Just as in quantitative data analysis, ensuring reliability and validity is crucial in content analysis.

  • Reliability refers to the consistency of the coding scheme, while validity concerns whether the analysis truly reflects the data’s intended meaning. To enhance reliability, researchers often use intercoder reliability, where multiple coders independently code the text and then compare results (Lombard, Snyder-Duch, & Bracken, 2002).

  • Validity can be strengthened through pilot testing of the coding scheme and by using a well-defined theoretical framework to guide the analysis (Riffe, Lacy, & Fico, 2014).

Challenges and considerations

One of the main challenges in content analysis is managing subjectivity, especially in qualitative content analysis. Researchers’ biases and perspectives can influence the interpretation of texts.

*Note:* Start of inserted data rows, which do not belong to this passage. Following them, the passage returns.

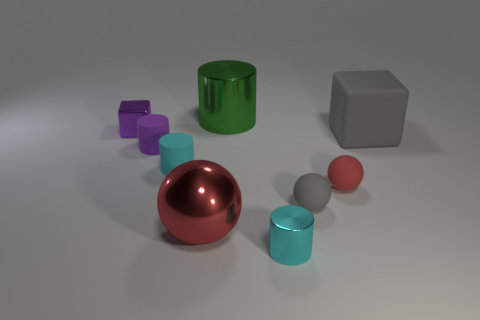Is the large red thing made of the same material as the small cyan cylinder in front of the gray matte sphere?
Provide a short and direct response. Yes. How many other objects are the same size as the rubber cube?
Offer a very short reply. 2. There is a gray matte object that is on the left side of the red sphere that is to the right of the large red ball; is there a large green shiny object that is in front of it?
Offer a very short reply. No. The red rubber thing is what size?
Offer a very short reply. Small. There is a purple thing in front of the small purple cube; what size is it?
Offer a very short reply. Small. There is a rubber object behind the purple matte object; is its size the same as the red matte ball?
Give a very brief answer. No. Are there any other things that have the same color as the large cube?
Give a very brief answer. Yes. What is the shape of the large green object?
Your answer should be compact. Cylinder. How many cylinders are both in front of the small gray thing and on the left side of the large sphere?
Your answer should be very brief. 0. Is the color of the small metal block the same as the metal sphere?
Your answer should be very brief. No. 
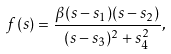<formula> <loc_0><loc_0><loc_500><loc_500>f ( s ) = \frac { \beta ( s - s _ { 1 } ) ( s - s _ { 2 } ) } { ( s - s _ { 3 } ) ^ { 2 } + s _ { 4 } ^ { 2 } } ,</formula> 
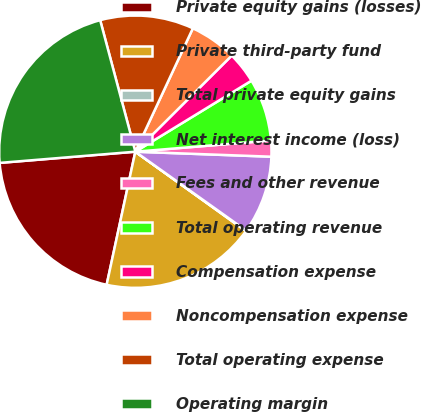<chart> <loc_0><loc_0><loc_500><loc_500><pie_chart><fcel>Private equity gains (losses)<fcel>Private third-party fund<fcel>Total private equity gains<fcel>Net interest income (loss)<fcel>Fees and other revenue<fcel>Total operating revenue<fcel>Compensation expense<fcel>Noncompensation expense<fcel>Total operating expense<fcel>Operating margin<nl><fcel>20.31%<fcel>18.47%<fcel>0.06%<fcel>9.26%<fcel>1.9%<fcel>7.42%<fcel>3.74%<fcel>5.58%<fcel>11.1%<fcel>22.15%<nl></chart> 
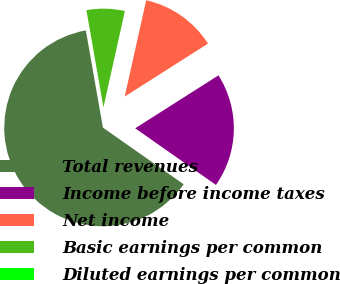Convert chart to OTSL. <chart><loc_0><loc_0><loc_500><loc_500><pie_chart><fcel>Total revenues<fcel>Income before income taxes<fcel>Net income<fcel>Basic earnings per common<fcel>Diluted earnings per common<nl><fcel>62.5%<fcel>18.75%<fcel>12.5%<fcel>6.25%<fcel>0.0%<nl></chart> 
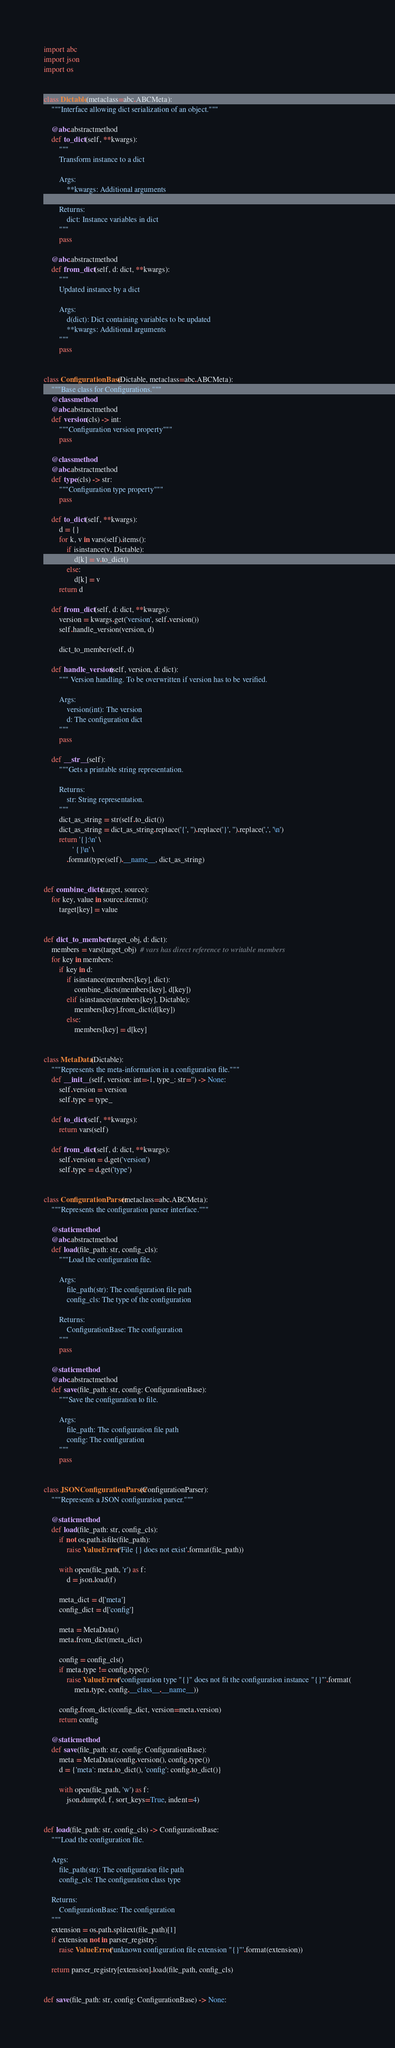<code> <loc_0><loc_0><loc_500><loc_500><_Python_>import abc
import json
import os


class Dictable(metaclass=abc.ABCMeta):
    """Interface allowing dict serialization of an object."""

    @abc.abstractmethod
    def to_dict(self, **kwargs):
        """
        Transform instance to a dict

        Args:
            **kwargs: Additional arguments

        Returns:
            dict: Instance variables in dict
        """
        pass

    @abc.abstractmethod
    def from_dict(self, d: dict, **kwargs):
        """
        Updated instance by a dict

        Args:
            d(dict): Dict containing variables to be updated
            **kwargs: Additional arguments
        """
        pass


class ConfigurationBase(Dictable, metaclass=abc.ABCMeta):
    """Base class for Configurations."""
    @classmethod
    @abc.abstractmethod
    def version(cls) -> int:
        """Configuration version property"""
        pass

    @classmethod
    @abc.abstractmethod
    def type(cls) -> str:
        """Configuration type property"""
        pass

    def to_dict(self, **kwargs):
        d = {}
        for k, v in vars(self).items():
            if isinstance(v, Dictable):
                d[k] = v.to_dict()
            else:
                d[k] = v
        return d

    def from_dict(self, d: dict, **kwargs):
        version = kwargs.get('version', self.version())
        self.handle_version(version, d)

        dict_to_member(self, d)

    def handle_version(self, version, d: dict):
        """ Version handling. To be overwritten if version has to be verified.

        Args:
            version(int): The version
            d: The configuration dict
        """
        pass

    def __str__(self):
        """Gets a printable string representation.

        Returns:
            str: String representation.
        """
        dict_as_string = str(self.to_dict())
        dict_as_string = dict_as_string.replace('{', '').replace('}', '').replace(',', '\n')
        return '{}:\n' \
               ' {}\n' \
            .format(type(self).__name__, dict_as_string)


def combine_dicts(target, source):
    for key, value in source.items():
        target[key] = value


def dict_to_member(target_obj, d: dict):
    members = vars(target_obj)  # vars has direct reference to writable members
    for key in members:
        if key in d:
            if isinstance(members[key], dict):
                combine_dicts(members[key], d[key])
            elif isinstance(members[key], Dictable):
                members[key].from_dict(d[key])
            else:
                members[key] = d[key]


class MetaData(Dictable):
    """Represents the meta-information in a configuration file."""
    def __init__(self, version: int=-1, type_: str='') -> None:
        self.version = version
        self.type = type_

    def to_dict(self, **kwargs):
        return vars(self)

    def from_dict(self, d: dict, **kwargs):
        self.version = d.get('version')
        self.type = d.get('type')


class ConfigurationParser(metaclass=abc.ABCMeta):
    """Represents the configuration parser interface."""

    @staticmethod
    @abc.abstractmethod
    def load(file_path: str, config_cls):
        """Load the configuration file.

        Args:
            file_path(str): The configuration file path
            config_cls: The type of the configuration

        Returns:
            ConfigurationBase: The configuration
        """
        pass

    @staticmethod
    @abc.abstractmethod
    def save(file_path: str, config: ConfigurationBase):
        """Save the configuration to file.

        Args:
            file_path: The configuration file path
            config: The configuration
        """
        pass


class JSONConfigurationParser(ConfigurationParser):
    """Represents a JSON configuration parser."""

    @staticmethod
    def load(file_path: str, config_cls):
        if not os.path.isfile(file_path):
            raise ValueError('File {} does not exist'.format(file_path))

        with open(file_path, 'r') as f:
            d = json.load(f)

        meta_dict = d['meta']
        config_dict = d['config']

        meta = MetaData()
        meta.from_dict(meta_dict)

        config = config_cls()
        if meta.type != config.type():
            raise ValueError('configuration type "{}" does not fit the configuration instance "{}"'.format(
                meta.type, config.__class__.__name__))

        config.from_dict(config_dict, version=meta.version)
        return config

    @staticmethod
    def save(file_path: str, config: ConfigurationBase):
        meta = MetaData(config.version(), config.type())
        d = {'meta': meta.to_dict(), 'config': config.to_dict()}

        with open(file_path, 'w') as f:
            json.dump(d, f, sort_keys=True, indent=4)


def load(file_path: str, config_cls) -> ConfigurationBase:
    """Load the configuration file.

    Args:
        file_path(str): The configuration file path
        config_cls: The configuration class type

    Returns:
        ConfigurationBase: The configuration
    """
    extension = os.path.splitext(file_path)[1]
    if extension not in parser_registry:
        raise ValueError('unknown configuration file extension "{}"'.format(extension))

    return parser_registry[extension].load(file_path, config_cls)


def save(file_path: str, config: ConfigurationBase) -> None:</code> 
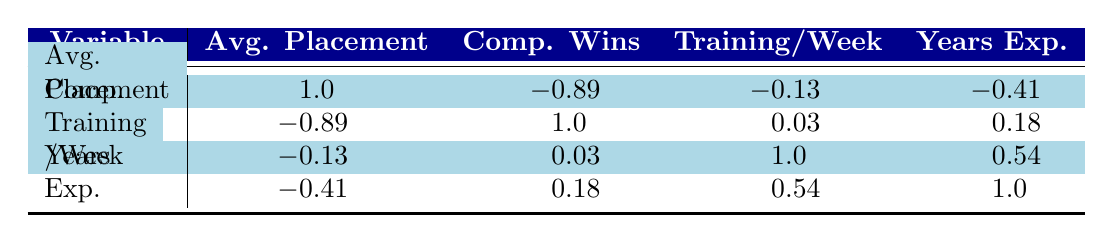What is the correlation between average placement and competition wins? The table shows a correlation coefficient of -0.89 between average placement and competition wins. This indicates a strong negative correlation, meaning as average placements improve (lower number), competition wins tend to decrease.
Answer: -0.89 Which athlete has the highest average placement? Looking at the average placement values for each athlete, Evelyn Green has the lowest average placement at 2.8, making her the athlete with the highest average placement.
Answer: Evelyn Green If two athletes have the same years of experience, does having more training sessions per week guarantee higher competition wins? The correlation coefficient between training sessions per week and competition wins is 0.03, which indicates almost no correlation. This means that having more training sessions does not guarantee higher competition wins, even if experience is the same.
Answer: No What is the average years of experience for the athletes in the dataset? We have the years of experience for each athlete: 10, 8, 12, 6, 7, and 9. Summing these gives 52, and dividing by the number of athletes (6) gives an average of approximately 8.67 years.
Answer: 8.67 Which athlete has the most competition wins, and what is their average placement? Sofia Chen has the most competition wins at 10. Her average placement is 2.5.
Answer: Sofia Chen, 2.5 What is the average of the average placements for all athletes? The average placements are 3.1, 2.8, 4.5, 3.5, 2.5, and 3.8. Summing these gives 20.4; dividing by 6 gives an average of approximately 3.4.
Answer: 3.4 Is there a positive correlation between years of experience and training sessions per week? The correlation coefficient between years of experience and training sessions per week is 0.54, indicating a moderate positive correlation. This means that generally, as years of experience increase, training sessions per week also tend to increase.
Answer: Yes If an athlete has an average placement of 4.5, can we expect them to have a high number of competition wins? The correlation coefficient between average placement and competition wins is -0.89, indicating a strong negative relationship. Hence, an athlete with an average placement of 4.5 would likely have relatively low competition wins.
Answer: No 
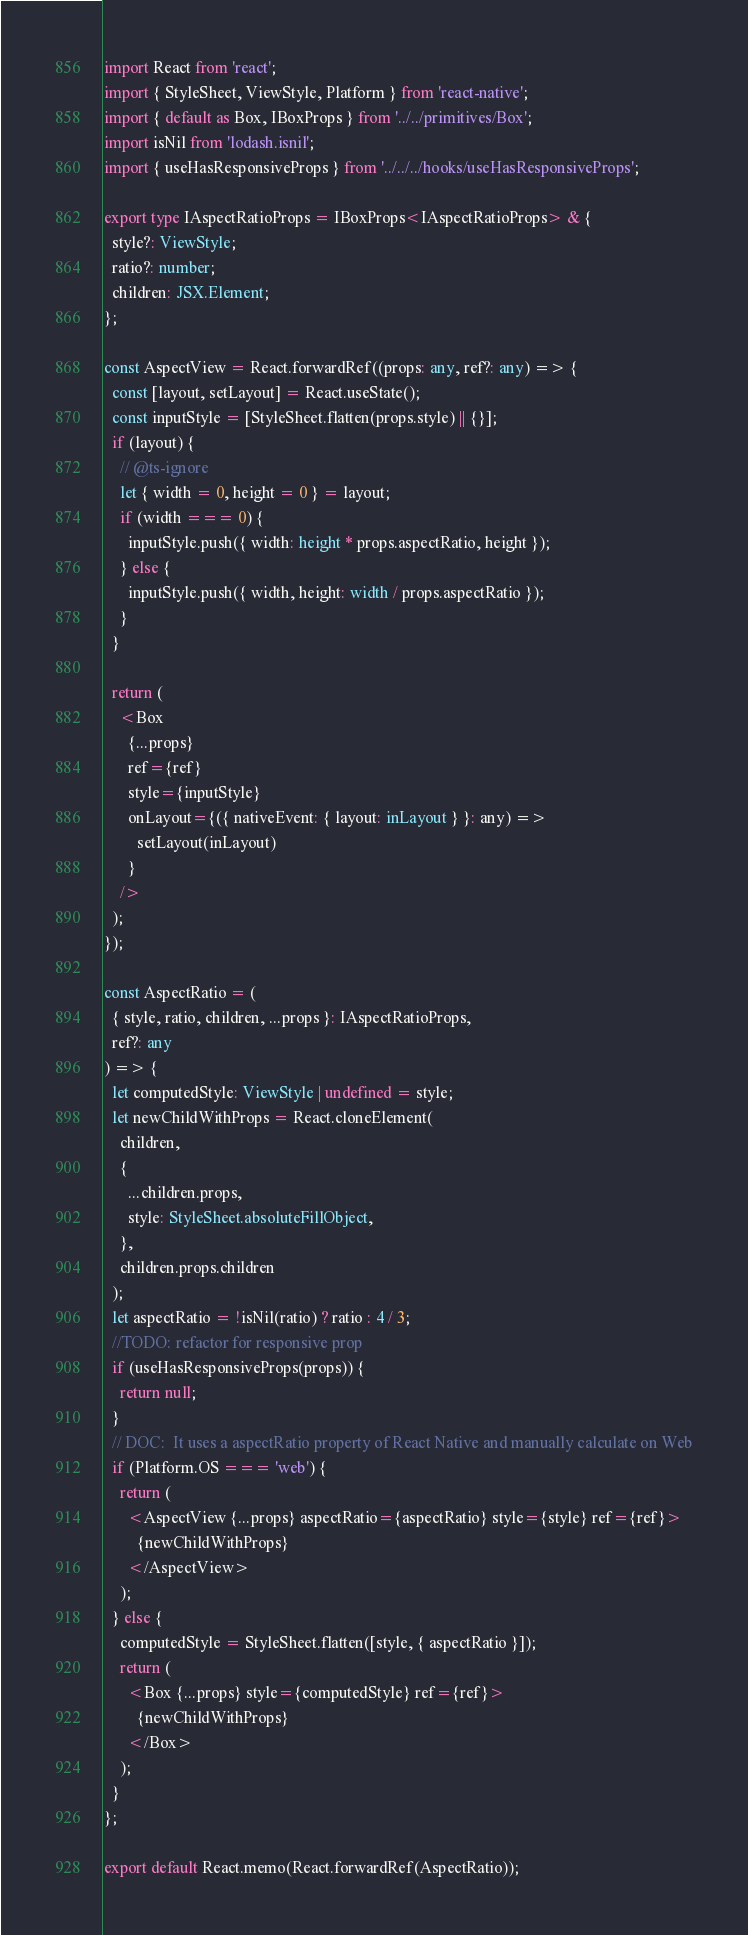Convert code to text. <code><loc_0><loc_0><loc_500><loc_500><_TypeScript_>import React from 'react';
import { StyleSheet, ViewStyle, Platform } from 'react-native';
import { default as Box, IBoxProps } from '../../primitives/Box';
import isNil from 'lodash.isnil';
import { useHasResponsiveProps } from '../../../hooks/useHasResponsiveProps';

export type IAspectRatioProps = IBoxProps<IAspectRatioProps> & {
  style?: ViewStyle;
  ratio?: number;
  children: JSX.Element;
};

const AspectView = React.forwardRef((props: any, ref?: any) => {
  const [layout, setLayout] = React.useState();
  const inputStyle = [StyleSheet.flatten(props.style) || {}];
  if (layout) {
    // @ts-ignore
    let { width = 0, height = 0 } = layout;
    if (width === 0) {
      inputStyle.push({ width: height * props.aspectRatio, height });
    } else {
      inputStyle.push({ width, height: width / props.aspectRatio });
    }
  }

  return (
    <Box
      {...props}
      ref={ref}
      style={inputStyle}
      onLayout={({ nativeEvent: { layout: inLayout } }: any) =>
        setLayout(inLayout)
      }
    />
  );
});

const AspectRatio = (
  { style, ratio, children, ...props }: IAspectRatioProps,
  ref?: any
) => {
  let computedStyle: ViewStyle | undefined = style;
  let newChildWithProps = React.cloneElement(
    children,
    {
      ...children.props,
      style: StyleSheet.absoluteFillObject,
    },
    children.props.children
  );
  let aspectRatio = !isNil(ratio) ? ratio : 4 / 3;
  //TODO: refactor for responsive prop
  if (useHasResponsiveProps(props)) {
    return null;
  }
  // DOC:  It uses a aspectRatio property of React Native and manually calculate on Web
  if (Platform.OS === 'web') {
    return (
      <AspectView {...props} aspectRatio={aspectRatio} style={style} ref={ref}>
        {newChildWithProps}
      </AspectView>
    );
  } else {
    computedStyle = StyleSheet.flatten([style, { aspectRatio }]);
    return (
      <Box {...props} style={computedStyle} ref={ref}>
        {newChildWithProps}
      </Box>
    );
  }
};

export default React.memo(React.forwardRef(AspectRatio));
</code> 
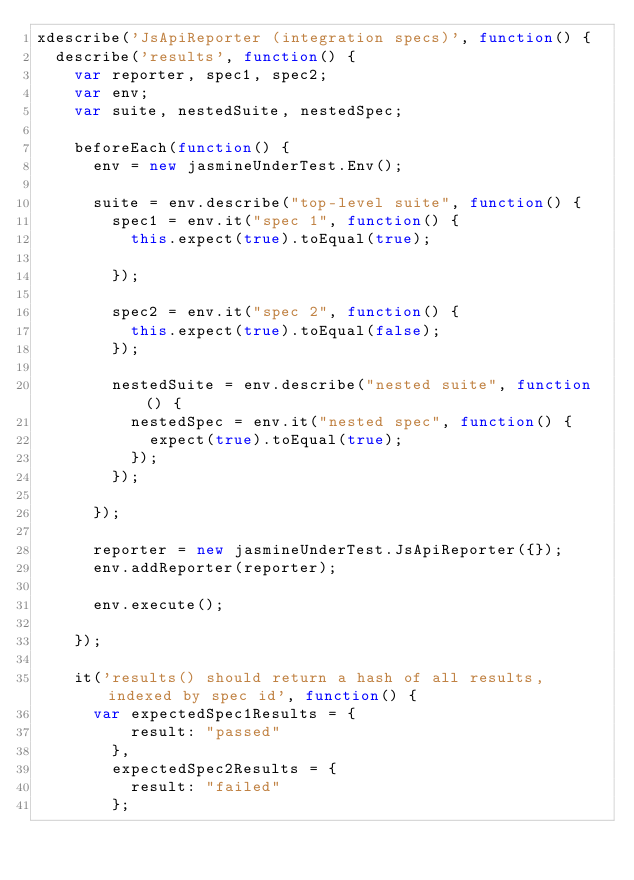Convert code to text. <code><loc_0><loc_0><loc_500><loc_500><_JavaScript_>xdescribe('JsApiReporter (integration specs)', function() {
  describe('results', function() {
    var reporter, spec1, spec2;
    var env;
    var suite, nestedSuite, nestedSpec;

    beforeEach(function() {
      env = new jasmineUnderTest.Env();

      suite = env.describe("top-level suite", function() {
        spec1 = env.it("spec 1", function() {
          this.expect(true).toEqual(true);

        });

        spec2 = env.it("spec 2", function() {
          this.expect(true).toEqual(false);
        });

        nestedSuite = env.describe("nested suite", function() {
          nestedSpec = env.it("nested spec", function() {
            expect(true).toEqual(true);
          });
        });

      });

      reporter = new jasmineUnderTest.JsApiReporter({});
      env.addReporter(reporter);

      env.execute();

    });

    it('results() should return a hash of all results, indexed by spec id', function() {
      var expectedSpec1Results = {
          result: "passed"
        },
        expectedSpec2Results = {
          result: "failed"
        };</code> 
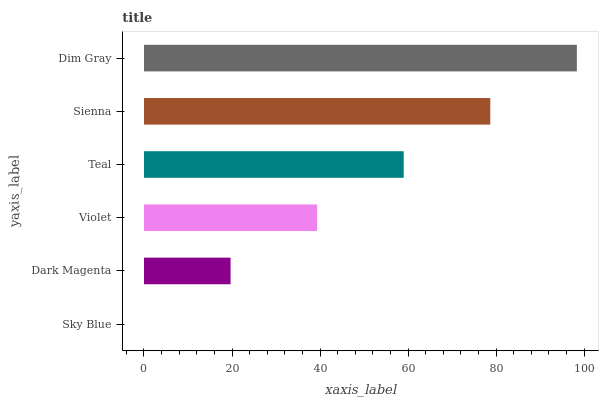Is Sky Blue the minimum?
Answer yes or no. Yes. Is Dim Gray the maximum?
Answer yes or no. Yes. Is Dark Magenta the minimum?
Answer yes or no. No. Is Dark Magenta the maximum?
Answer yes or no. No. Is Dark Magenta greater than Sky Blue?
Answer yes or no. Yes. Is Sky Blue less than Dark Magenta?
Answer yes or no. Yes. Is Sky Blue greater than Dark Magenta?
Answer yes or no. No. Is Dark Magenta less than Sky Blue?
Answer yes or no. No. Is Teal the high median?
Answer yes or no. Yes. Is Violet the low median?
Answer yes or no. Yes. Is Dim Gray the high median?
Answer yes or no. No. Is Sienna the low median?
Answer yes or no. No. 
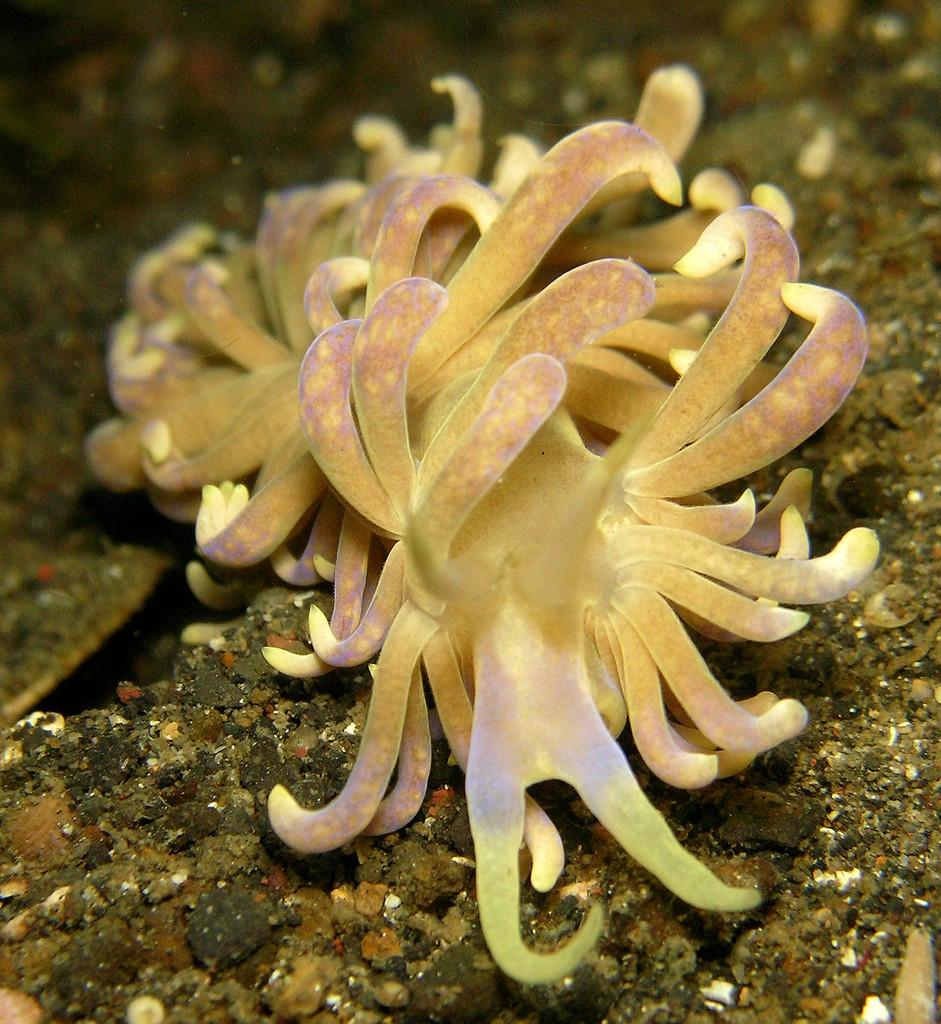Where was the image taken? The image was taken underwater. What types of creatures can be seen in the image? There are marine species visible in the image. What type of pot is being used by the giants in the image? There are no giants or pots present in the image; it features marine species underwater. 
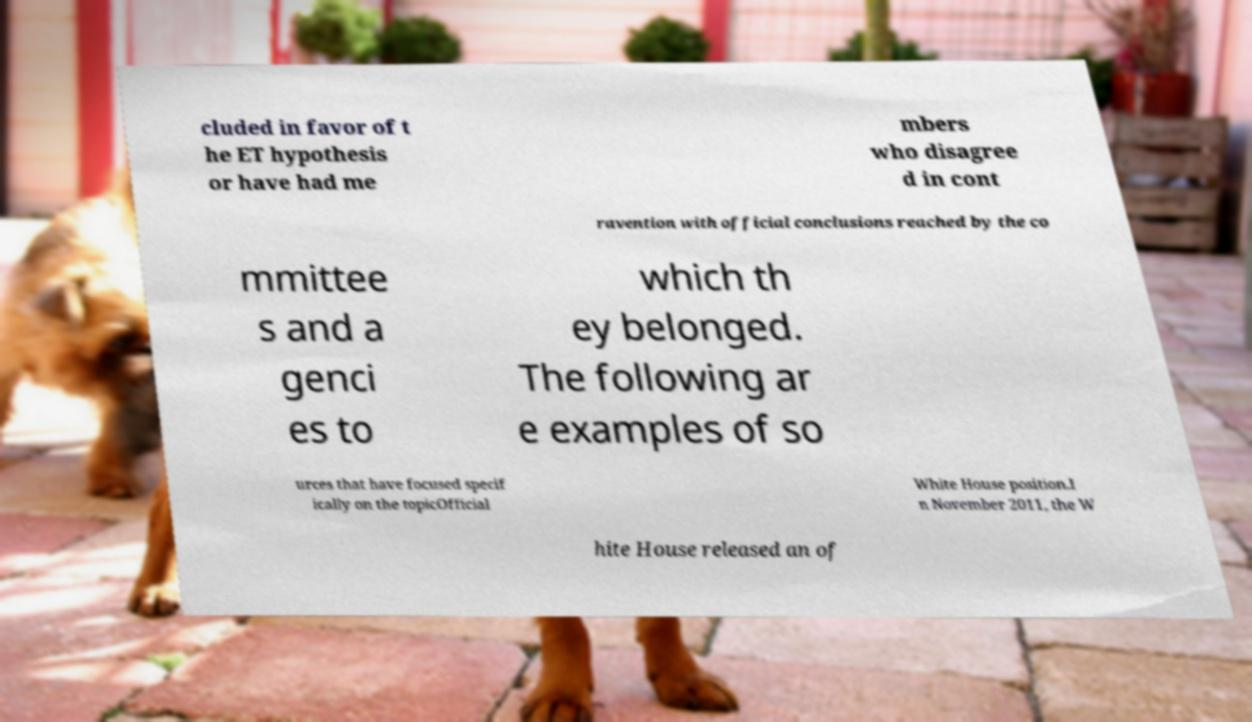Could you extract and type out the text from this image? cluded in favor of t he ET hypothesis or have had me mbers who disagree d in cont ravention with official conclusions reached by the co mmittee s and a genci es to which th ey belonged. The following ar e examples of so urces that have focused specif ically on the topicOfficial White House position.I n November 2011, the W hite House released an of

To mitigate this, transparency in the coding process and a clear delineation of steps taken in the analysis are essential (Hsieh & Shannon, 2005). Additionally, the evolving nature of language, especially in rapidly changing mediums like social media, poses a challenge in maintaining the relevance and accuracy of coding schemes.

References

  • Berelson, B. (1952). Content Analysis in Communication Research. Free Press.

  • Hsieh, H. F., & Shannon, S. E. (2005). Three Approaches to Qualitative Content Analysis. Qualitative Health Research, 15(9), 1277-1288.

  • Krippendorff, K. (2013). Content Analysis: An Introduction to Its Methodology (3rd ed.). Sage.

  • Lombard, M., Snyder-Duch, J., & Bracken, C. C. (2002). Content Analysis in Mass Communication: Assessment and Reporting of Intercoder Reliability. Human Communication Research, 28(4), 587-604.

  • Neuendorf, K. A. (2017). The Content Analysis Guidebook (2nd ed.). Sage.

  • Riffe, D., Lacy, S., & Fico, F. (2014). Analyzing Media Messages: Using Quantitative Content Analysis in Research (3rd ed.). Routledge.

  • Schreier, M. (2012). Qualitative Content Analysis in Practice. Sage.